NCF1 Gene Chronic Granulomatous Disease (Cytochrome b-Positive, Type 1) Genetic Test in UAE | 2,800 AED | DNA Labs UAE

Executive Summary & Core Metrics

Executive Summary

This targeted next-generation sequencing (NGS) test confirms autosomal recessive chronic granulomatous disease type 1 by analyzing the NCF1 gene with 99.9% diagnostic sensitivity. Designed for UAE families, it delivers definitive molecular results from a simple blood draw, supported by post-test clinical guidance and direct insurance verification.

  • Accuracy Guarantee: 99.9% Diagnostic Sensitivity via ISO Accredited Processing.
  • Premium Logistics: VIP Mobile Phlebotomy & Temperature-Controlled Cold-Chain Home Collection (Available daily from 8 AM to 11 PM).
  • Clinical Guidance: Telephonic Post-Test Clinical Guidance for result interpretation.
  • Insurance: Direct Billing Verification via WhatsApp +971 54 548 8731.

Test Overview & Methodology

This advanced targeted NGS test interrogates the full coding region of the NCF1 gene to detect pathogenic variants responsible for autosomal recessive chronic granulomatous disease (CGD) type 1, a primary immunodeficiency characterised by cytochrome b positivity. The assay provides UAE families with a definitive genetic diagnosis, guiding tailored prophylactic and therapeutic strategies including antimicrobial prophylaxis, immunomodulation, and haematopoietic stem cell transplantation planning.
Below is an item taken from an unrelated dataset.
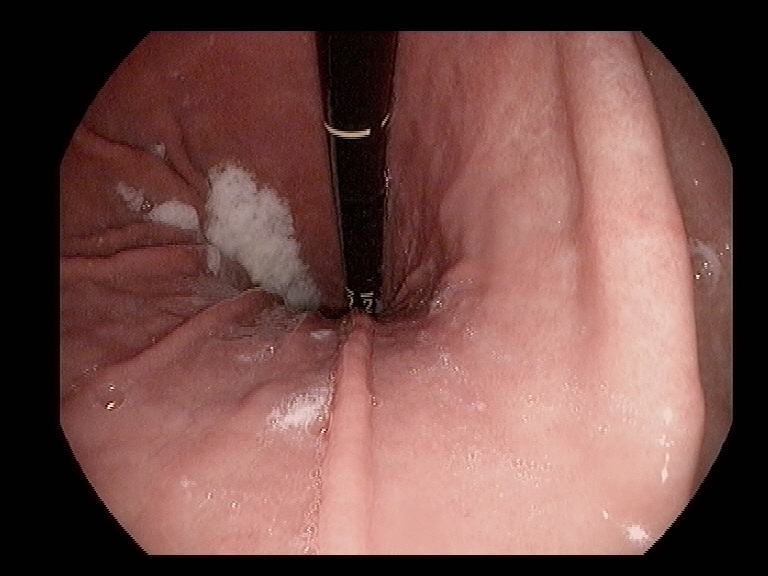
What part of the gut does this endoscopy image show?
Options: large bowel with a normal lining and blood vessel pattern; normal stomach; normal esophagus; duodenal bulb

normal stomach

Feature Our NCF1 NGS Test Whole Exome Sequencing (Alternative)
Precision Greater than 99% sensitivity and specificity for NCF1 mutations Broad coverage but lower depth for individual genes
Methodology Targeted NGS with full coding region analysis Whole exome capture and sequencing
Turnaround Time 3 – 4 Weeks 4 – 6 Weeks (often with incidental findings analysis)

Physician Insight & Safety Protocols

“As a DHA-licensed consultant in medical genetics, I recognise the complexity that accompanies a diagnosis of chronic granulomatous disease. A pathogenic variant in NCF1 confirms the molecular subtype and directs targeted management, yet a negative result does not exclude other causes of phagocyte dysfunction. I strongly advise all patients to review their results with our genetics team before initiating or altering any treatment plan.”
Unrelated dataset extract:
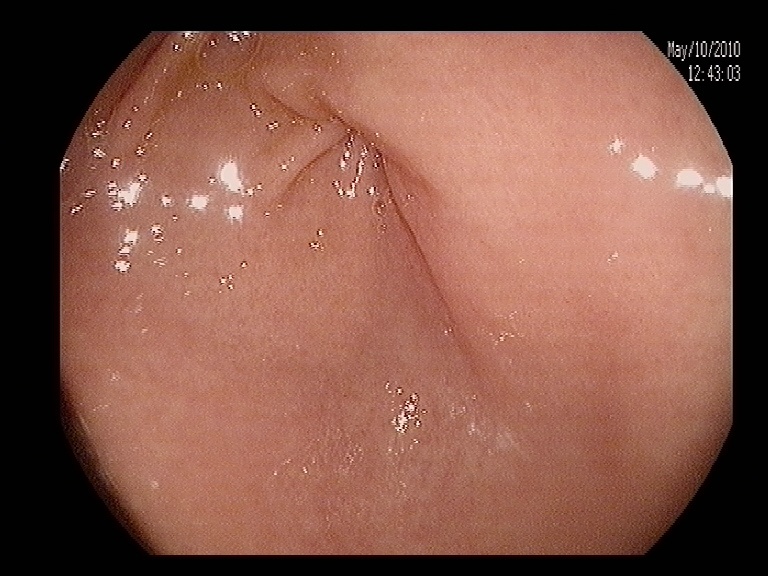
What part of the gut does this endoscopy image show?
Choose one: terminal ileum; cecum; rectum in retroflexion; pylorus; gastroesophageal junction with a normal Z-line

pylorus

— Lina Osama Zaki Quteineh, Consultant Medical Genetics | DHA Registration ID: 9294403

Advisory – Medication Continuation

Do not discontinue prescribed prophylactic antibiotics, antifungal agents, or immunomodulatory therapy without consulting your physician. Interruption of prophylaxis may precipitate severe bacterial or fungal infections in patients with suspected or confirmed CGD.

Exclusion Criteria & Emergency Red Flags

  • Exclusion: This test is not a substitute for acute clinical management. Active severe infections require immediate hospital evaluation and empiric therapy.
  • Red Flags: If the patient develops new high fever, respiratory distress, or signs of sepsis, seek emergency medical attention regardless of pending genetic results.
  • Clinical Correlation: Results must be interpreted alongside functional neutrophil oxidative burst assays (e.g., dihydrorhodamine flow cytometry) for complete immune assessment.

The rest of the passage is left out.